In a resolution (A/HRC/42/L.24) on human rights and indigenous peoples, adopted without a vote, the Council decides to hold an intersessional round table on possible steps to be taken to enhance the participation of indigenous peoples’ representatives and institutions in meetings of the Human Rights Council on issues affecting them, with the full and effective participation of indigenous peoples’ representatives and institutions from the seven indigenous sociocultural regions represented at the thirteenth session of the Expert Mechanism on the Rights of Indigenous Peoples.

In a resolution (A/HRC/42/L.25) on human rights and indigenous peoples: mandate of the Special Rapporteur on the rights of indigenous peoples, adopted without a vote, the Council decides to renew the mandate of the Special Rapporteur on the rights of indigenous peoples for a period of three years to, inter alia, examine ways and means of overcoming existing obstacles to the full and effective protection of the rights of indigenous peoples, to pay special attention to the human rights and fundamental freedoms of indigenous children and women, and to take into account a gender perspective in the performance of the mandate.

In a resolution (A/HRC/42/L.27) on the protection of the rights of workers exposed to hazardous substances and wastes, adopted without a vote, the Council encourages States, business enterprises and other actors to implement the 15 principles presented by the Special Rapporteur on the implications for human rights of the environmentally sound management and disposal of hazardous substances and wastes through their respective legal and policy frameworks, as well as through initiatives and programmes to strengthen the coherence between human rights and occupational health and safety standards with regard to the exposure of workers to toxic substances.

In a resolution (A/HRC/42/L.34/Rev.1) on arbitrary detention, adopted without a vote, the Council decides to extend the mandate of the Working Group on Arbitrary Detention for a further period of three years, and requests the Working Group to prepare a study on arbitrary detention related to drug policies to ensure that upholding the prohibition thereon is included as part of an effective criminal justice response to drug-related crimes, and that such a response also encompasses legal guarantees and due process safeguards, and to submit to the Council at its forty-seventh session a report thereon, and to bring the report to the attention of the Commission on Narcotic Drugs as the policymaking body of the United Nations with prime responsibility for drug-control matters.

In a resolution (A/HRC/42/L.36) on the right to development, adopted by a vote of 27 in favour, 13 against and 7 abstentions as orally revised, the Council decides that, at its twenty-first session, the Working Group on the Right to Development will commence the elaboration of a draft legally binding instrument on the right to development on the basis of the draft prepared by the Chair-Rapporteur.

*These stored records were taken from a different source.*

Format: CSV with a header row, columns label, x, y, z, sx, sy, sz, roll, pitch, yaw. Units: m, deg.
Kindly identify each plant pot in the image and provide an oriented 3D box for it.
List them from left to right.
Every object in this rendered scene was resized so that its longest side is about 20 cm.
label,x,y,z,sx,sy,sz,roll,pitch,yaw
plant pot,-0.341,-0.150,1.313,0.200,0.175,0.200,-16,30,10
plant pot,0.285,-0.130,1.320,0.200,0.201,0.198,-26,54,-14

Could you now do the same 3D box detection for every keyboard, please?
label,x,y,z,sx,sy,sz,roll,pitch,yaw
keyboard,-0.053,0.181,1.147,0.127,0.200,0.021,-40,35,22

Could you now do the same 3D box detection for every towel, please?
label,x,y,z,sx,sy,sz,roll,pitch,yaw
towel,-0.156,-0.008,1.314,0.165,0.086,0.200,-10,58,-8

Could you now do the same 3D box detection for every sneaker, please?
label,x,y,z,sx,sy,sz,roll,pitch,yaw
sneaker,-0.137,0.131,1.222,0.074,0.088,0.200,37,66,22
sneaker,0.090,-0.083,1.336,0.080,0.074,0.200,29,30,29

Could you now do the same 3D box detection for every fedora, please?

The Council further decides to extend for a period of three years the mandate of the Special Rapporteur on the right to development, and to organize a biennial panel discussion on the right to development, starting at its forty-fifth session. It also decides to establish a subsidiary expert mechanism to provide the Council with thematic expertise on the right to development that shall consist of five independent experts who shall serve for a three-year period. The expert mechanism shall report annually to the Human Rights Council on its work and shall meet once annually for three days in Geneva and once annually for three days in New York.

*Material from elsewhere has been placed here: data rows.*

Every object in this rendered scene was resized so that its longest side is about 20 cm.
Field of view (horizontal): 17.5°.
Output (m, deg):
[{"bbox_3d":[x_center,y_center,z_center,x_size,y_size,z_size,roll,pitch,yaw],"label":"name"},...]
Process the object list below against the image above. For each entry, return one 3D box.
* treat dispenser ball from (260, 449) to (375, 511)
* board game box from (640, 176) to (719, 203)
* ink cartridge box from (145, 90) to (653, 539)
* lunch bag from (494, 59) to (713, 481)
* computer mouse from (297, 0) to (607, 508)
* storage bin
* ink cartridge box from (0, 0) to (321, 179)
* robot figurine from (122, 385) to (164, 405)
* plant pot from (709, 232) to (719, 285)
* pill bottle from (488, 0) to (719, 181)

In a resolution (A/HRC/42/L.37) on the question of the death penalty, adopted by a vote of 26 in favour, 14 against and 6 abstentions, the Council decides that the upcoming biennial high-level panel discussion to be held at the forty-sixth session of the Human Rights Council will address the human rights violations related to the use of the death penalty, in particular with respect to whether the use of the death penalty has a deterrent effect on crime rate, and requests the Office of the High Commissioner to prepare a summary report on the panel discussion and to submit it to the Human Rights Council at its forty-eighth session.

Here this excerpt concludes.